> [TASK] From the entries below, reproduce exactly the line containing "Answer: AUD 749.25", the line containing "Answer: AUSSISKIPRO2023 how", and every line in between, with nothing added.

[GIVEN INFORMATION — start]

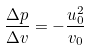Convert formula to latex. <formula><loc_0><loc_0><loc_500><loc_500>\frac { \Delta p } { \Delta v } = - \frac { u _ { 0 } ^ { 2 } } { v _ { 0 } }</formula> 
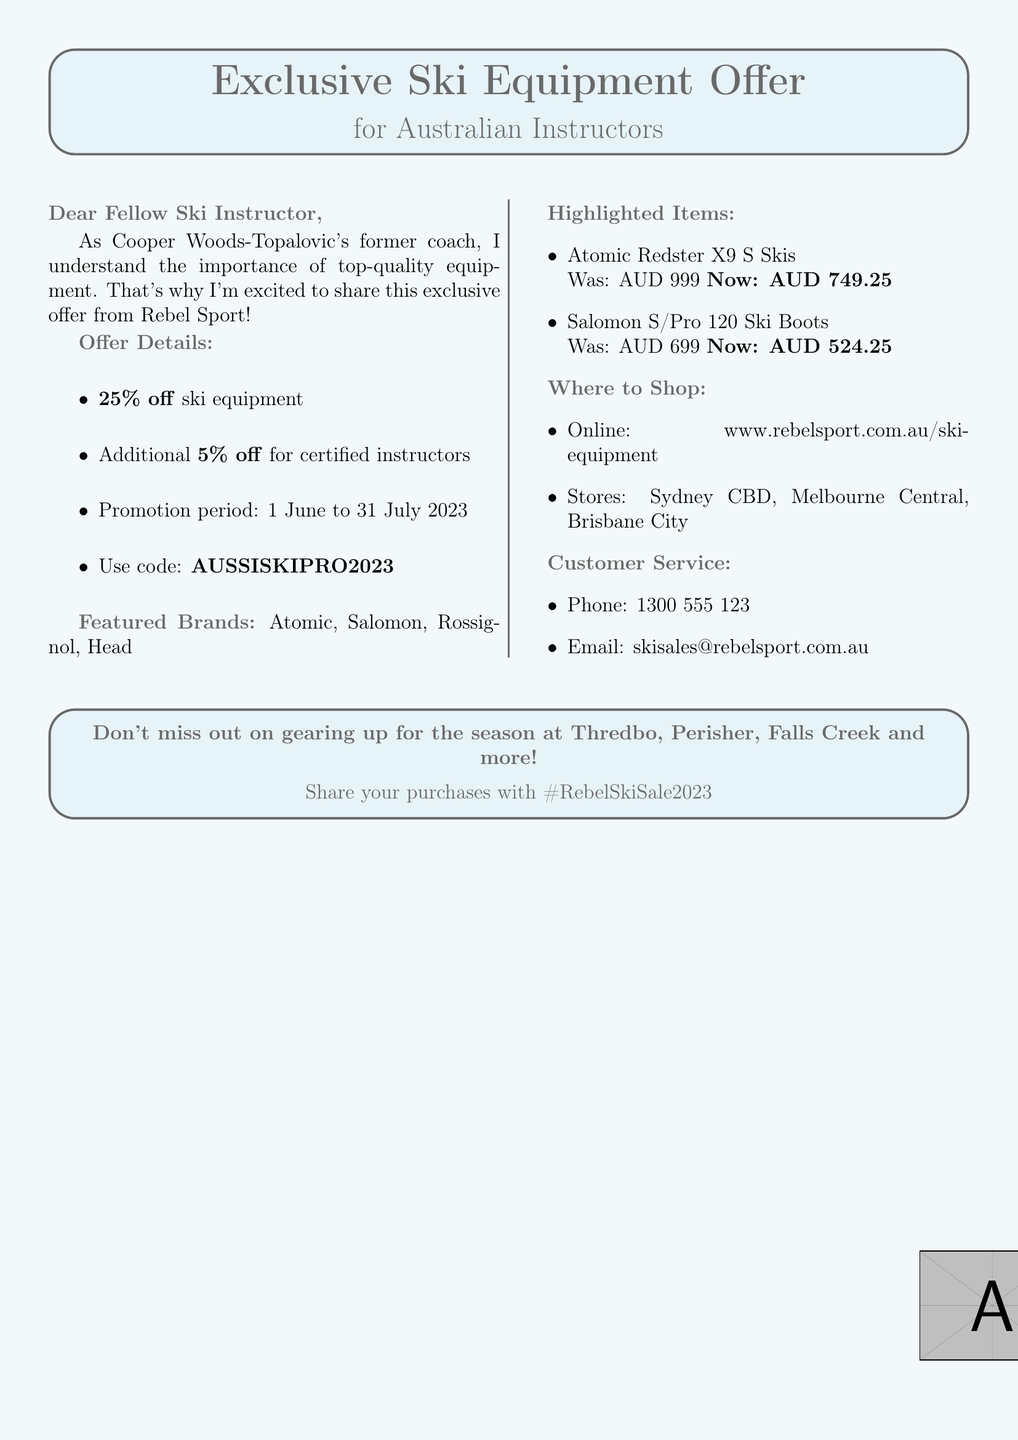what is the discount percentage offered on ski equipment? The document states that there is a discount of 25% on ski equipment.
Answer: 25% what is the exclusive offer for certified ski instructors? The document mentions an additional 5% off for certified ski instructors.
Answer: 5% what is the promotion period for the offer? The document specifies that the promotion period is from 1 June to 31 July 2023.
Answer: 1 June to 31 July 2023 which ski brand is featured in the promotion? The document lists Atomic, Salomon, Rossignol, and Head as featured brands.
Answer: Atomic, Salomon, Rossignol, Head what is the discounted price of the Atomic Redster X9 S Skis? The document states the discounted price of the Atomic Redster X9 S Skis is AUD 749.25.
Answer: AUD 749.25 what is the redemption code for the special offer? The redemption code provided in the document is AUSSISKIPRO2023.
Answer: AUSSISKIPRO2023 how many store locations are mentioned in the document? The document lists three store locations: Sydney CBD, Melbourne Central, and Brisbane City.
Answer: 3 where can customers shop online? The document indicates that customers can shop online at www.rebelsport.com.au/ski-equipment.
Answer: www.rebelsport.com.au/ski-equipment what is the customer service email contact? The contact email for customer service mentioned in the document is skisales@rebelsport.com.au.
Answer: skisales@rebelsport.com.au 
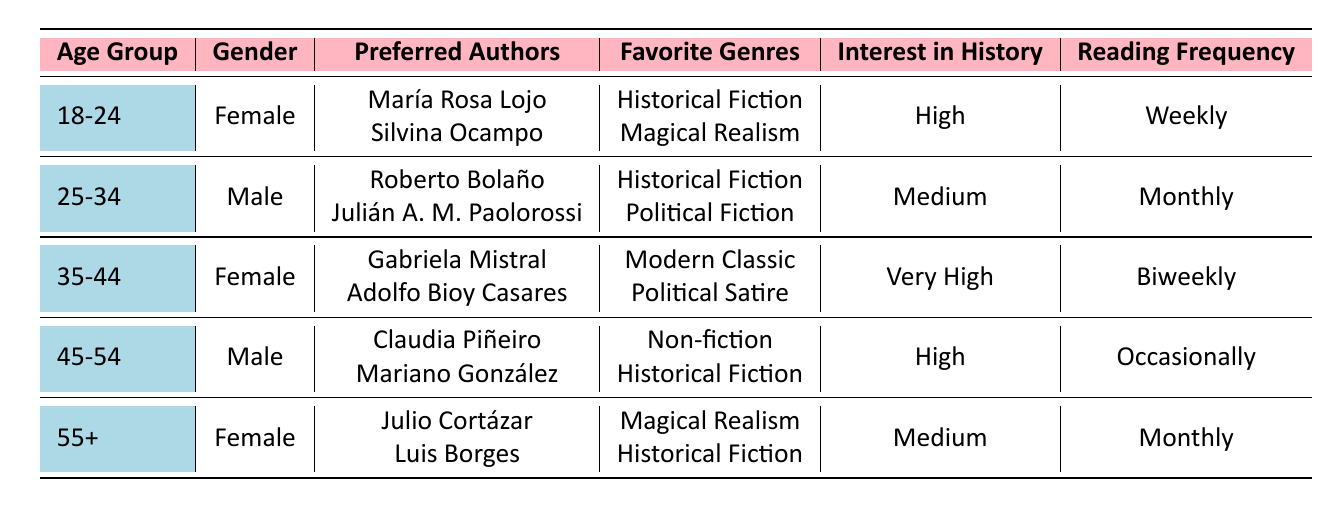What is the most preferred genre among readers aged 18-24? According to the table, readers aged 18-24 prefer "Historical Fiction" and "Magical Realism," but "Historical Fiction" is listed first, indicating it is the most preferred genre.
Answer: Historical Fiction How often do readers aged 45-54 read? The table indicates that readers aged 45-54 read "Occasionally," which is their selected reading frequency.
Answer: Occasionally Which author is preferred by female readers aged 35-44? The table shows that female readers in the 35-44 age group prefer "Gabriela Mistral" and "Adolfo Bioy Casares."
Answer: Gabriela Mistral What is the highest interest level in history among the age groups? The highest interest level in history is "Very High," which corresponds to the 35-44 age group.
Answer: Very High Do any male readers prefer "Magical Realism"? The table shows that male readers do not list "Magical Realism" as a preferred genre, indicating that the answer is no.
Answer: No How many readers have "Historical Fiction" as one of their favorite genres? From the table, it appears in the preferences of readers aged 18-24, 25-34, 35-44, and 45-54. This totals four different readers.
Answer: Four Which age group has the highest number of preferred authors listed? Each age group has two preferred authors, so there is no age group with a higher number; they all have the same count.
Answer: None (all have the same count) What is the average reading frequency across all age groups? The reading frequencies can be categorized into "Weekly," "Monthly," "Biweekly," and "Occasionally," which can be assigned numerical values (Weekly = 4, Monthly = 3, Biweekly = 2, Occasionally = 1). Calculating the average involves adding their numerical values together and then dividing by the number of age groups (5), which yields an average of approximately 2.4.
Answer: Approximately 2.4 What preferences do female readers aged 55 and over share with other groups? Female readers aged 55 and over share a preference for "Historical Fiction" with readers aged 18-24, 35-44, and 45-54. However, they also have a unique preference for "Magical Realism."
Answer: Historical Fiction Which gender has more representation in the 25-34 age group for preferred authors? The 25-34 age group is represented by male readers, showing no female representation in this group regarding preferred authors.
Answer: Male How many genres are preferred among the readers aged 45-54? According to the table, readers aged 45-54 prefer "Non-fiction" and "Historical Fiction," which totals two distinct genres.
Answer: Two

[GIVEN INFORMATION — finish]

> [ANSWER BOX]
Answer: AUD 749.25 what is the redemption code for the special offer? The redemption code provided in the document is AUSSISKIPRO2023.
Answer: AUSSISKIPRO2023 how many store locations are mentioned in the document? The document lists three store locations: Sydney CBD, Melbourne Central, and Brisbane City.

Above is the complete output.